[Source records]

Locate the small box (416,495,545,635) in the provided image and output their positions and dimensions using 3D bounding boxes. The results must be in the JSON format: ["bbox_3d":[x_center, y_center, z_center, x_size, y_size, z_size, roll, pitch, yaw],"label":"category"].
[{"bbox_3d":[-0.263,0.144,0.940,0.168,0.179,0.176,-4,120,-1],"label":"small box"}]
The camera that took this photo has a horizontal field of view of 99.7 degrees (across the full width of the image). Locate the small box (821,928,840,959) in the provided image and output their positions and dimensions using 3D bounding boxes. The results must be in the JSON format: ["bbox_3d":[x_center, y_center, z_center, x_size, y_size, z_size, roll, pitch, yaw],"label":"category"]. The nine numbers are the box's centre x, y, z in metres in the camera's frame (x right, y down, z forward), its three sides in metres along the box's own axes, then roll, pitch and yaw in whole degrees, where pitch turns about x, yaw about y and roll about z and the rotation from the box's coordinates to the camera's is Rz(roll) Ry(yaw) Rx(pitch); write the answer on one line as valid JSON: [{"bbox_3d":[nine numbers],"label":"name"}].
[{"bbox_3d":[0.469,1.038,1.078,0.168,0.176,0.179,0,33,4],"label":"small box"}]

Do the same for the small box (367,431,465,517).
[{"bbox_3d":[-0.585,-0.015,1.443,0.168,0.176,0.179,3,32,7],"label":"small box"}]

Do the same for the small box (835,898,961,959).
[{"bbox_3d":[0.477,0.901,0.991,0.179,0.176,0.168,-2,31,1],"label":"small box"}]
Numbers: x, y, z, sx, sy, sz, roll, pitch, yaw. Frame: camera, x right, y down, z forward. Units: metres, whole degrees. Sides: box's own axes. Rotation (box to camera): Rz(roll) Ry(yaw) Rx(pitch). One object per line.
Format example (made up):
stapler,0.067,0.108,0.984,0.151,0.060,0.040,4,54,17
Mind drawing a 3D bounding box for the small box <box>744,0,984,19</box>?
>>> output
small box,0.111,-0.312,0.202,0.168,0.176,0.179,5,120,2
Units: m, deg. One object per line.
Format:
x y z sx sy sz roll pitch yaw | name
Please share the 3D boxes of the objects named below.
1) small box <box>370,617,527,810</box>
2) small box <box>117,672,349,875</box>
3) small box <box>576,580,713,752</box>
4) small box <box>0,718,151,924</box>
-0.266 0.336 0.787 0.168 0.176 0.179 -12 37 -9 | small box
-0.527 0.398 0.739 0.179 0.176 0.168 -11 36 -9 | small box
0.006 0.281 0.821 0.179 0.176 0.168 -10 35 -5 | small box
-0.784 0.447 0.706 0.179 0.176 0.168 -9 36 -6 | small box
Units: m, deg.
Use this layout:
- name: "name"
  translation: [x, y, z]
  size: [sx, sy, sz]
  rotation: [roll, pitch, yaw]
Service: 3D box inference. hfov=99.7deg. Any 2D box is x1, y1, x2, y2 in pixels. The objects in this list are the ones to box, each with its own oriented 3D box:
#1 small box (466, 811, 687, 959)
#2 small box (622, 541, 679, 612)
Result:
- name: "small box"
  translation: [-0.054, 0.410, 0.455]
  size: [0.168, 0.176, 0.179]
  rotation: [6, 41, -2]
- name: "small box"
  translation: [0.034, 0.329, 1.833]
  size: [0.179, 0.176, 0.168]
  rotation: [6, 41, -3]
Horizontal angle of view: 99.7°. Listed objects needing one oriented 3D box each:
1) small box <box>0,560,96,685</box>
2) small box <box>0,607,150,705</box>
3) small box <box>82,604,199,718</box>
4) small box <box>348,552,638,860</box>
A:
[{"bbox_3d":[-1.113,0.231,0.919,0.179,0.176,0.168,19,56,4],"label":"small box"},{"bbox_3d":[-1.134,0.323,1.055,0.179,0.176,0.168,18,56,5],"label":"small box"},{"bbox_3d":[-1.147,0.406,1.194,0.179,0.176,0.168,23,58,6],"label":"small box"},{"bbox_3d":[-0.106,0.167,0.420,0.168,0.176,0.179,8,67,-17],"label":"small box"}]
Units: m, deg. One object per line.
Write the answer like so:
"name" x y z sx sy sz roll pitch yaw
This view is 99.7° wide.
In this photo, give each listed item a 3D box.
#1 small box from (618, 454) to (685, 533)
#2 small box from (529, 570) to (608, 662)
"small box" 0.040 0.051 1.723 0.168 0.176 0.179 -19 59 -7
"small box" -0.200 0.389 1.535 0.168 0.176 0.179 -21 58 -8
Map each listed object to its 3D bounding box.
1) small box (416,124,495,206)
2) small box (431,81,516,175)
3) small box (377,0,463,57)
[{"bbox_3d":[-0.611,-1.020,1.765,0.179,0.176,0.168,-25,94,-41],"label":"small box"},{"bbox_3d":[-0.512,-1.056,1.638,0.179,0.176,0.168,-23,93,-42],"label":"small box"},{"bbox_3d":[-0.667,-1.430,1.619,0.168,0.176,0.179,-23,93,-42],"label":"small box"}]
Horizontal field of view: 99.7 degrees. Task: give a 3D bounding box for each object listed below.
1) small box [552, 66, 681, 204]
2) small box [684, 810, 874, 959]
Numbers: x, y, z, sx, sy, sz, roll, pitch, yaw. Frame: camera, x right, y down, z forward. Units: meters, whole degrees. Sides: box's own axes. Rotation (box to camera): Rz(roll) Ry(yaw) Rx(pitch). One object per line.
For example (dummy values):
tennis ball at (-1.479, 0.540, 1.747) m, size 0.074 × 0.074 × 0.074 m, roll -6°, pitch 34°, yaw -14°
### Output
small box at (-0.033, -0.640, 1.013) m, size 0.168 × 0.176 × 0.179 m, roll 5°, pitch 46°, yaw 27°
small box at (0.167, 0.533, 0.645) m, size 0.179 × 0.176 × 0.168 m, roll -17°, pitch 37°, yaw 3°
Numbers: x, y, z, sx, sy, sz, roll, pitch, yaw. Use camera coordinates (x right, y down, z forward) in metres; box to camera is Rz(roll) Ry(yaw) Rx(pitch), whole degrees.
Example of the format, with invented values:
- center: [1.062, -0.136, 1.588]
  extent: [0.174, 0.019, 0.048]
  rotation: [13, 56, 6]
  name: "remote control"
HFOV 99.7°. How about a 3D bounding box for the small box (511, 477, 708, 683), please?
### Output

Problem to solve> In the lines above, find the word "below" and copy each line that contains it.

Task answer>
Please share the 3D boxes of the objects named below.
Horizontal field of view: 99.7 degrees. Task: give a 3D bounding box for each object listed below.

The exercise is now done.